> Instructions for the task
All entries must be repeated exactly; do not include the pictures.
*** Recorded data
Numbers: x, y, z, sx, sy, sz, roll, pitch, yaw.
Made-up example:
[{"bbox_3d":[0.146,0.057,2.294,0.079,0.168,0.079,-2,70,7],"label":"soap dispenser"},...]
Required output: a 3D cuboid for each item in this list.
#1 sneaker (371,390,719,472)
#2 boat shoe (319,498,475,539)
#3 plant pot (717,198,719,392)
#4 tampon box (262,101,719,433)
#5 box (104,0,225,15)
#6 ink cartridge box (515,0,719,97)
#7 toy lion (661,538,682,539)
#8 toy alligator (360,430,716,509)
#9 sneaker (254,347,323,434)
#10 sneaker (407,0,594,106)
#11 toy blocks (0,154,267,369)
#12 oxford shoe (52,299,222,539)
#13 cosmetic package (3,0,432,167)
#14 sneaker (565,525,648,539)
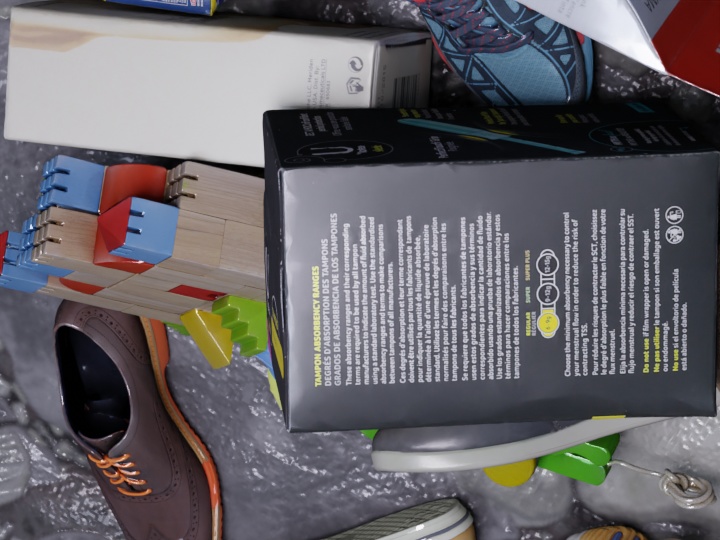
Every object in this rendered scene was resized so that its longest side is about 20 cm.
******
> Result of the exercise
Numbers: x, y, z, sx, sy, sz, roll, pitch, yaw.
Made-up example:
[{"bbox_3d":[0.146,0.057,2.294,0.079,0.168,0.079,-2,70,7],"label":"soap dispenser"},...]
Required output: a 3D cuboid for each item in this list.
#1 sneaker (371,390,719,472)
#2 boat shoe (319,498,475,539)
#3 plant pot (717,198,719,392)
#4 tampon box (262,101,719,433)
#5 box (104,0,225,15)
#6 ink cartridge box (515,0,719,97)
#7 toy lion (661,538,682,539)
#8 toy alligator (360,430,716,509)
#9 sneaker (254,347,323,434)
#10 sneaker (407,0,594,106)
#11 toy blocks (0,154,267,369)
#12 oxford shoe (52,299,222,539)
#13 cosmetic package (3,0,432,167)
#14 sneaker (565,525,648,539)
Every object in this rendered scene was resized so that its longest side is about 20 cm.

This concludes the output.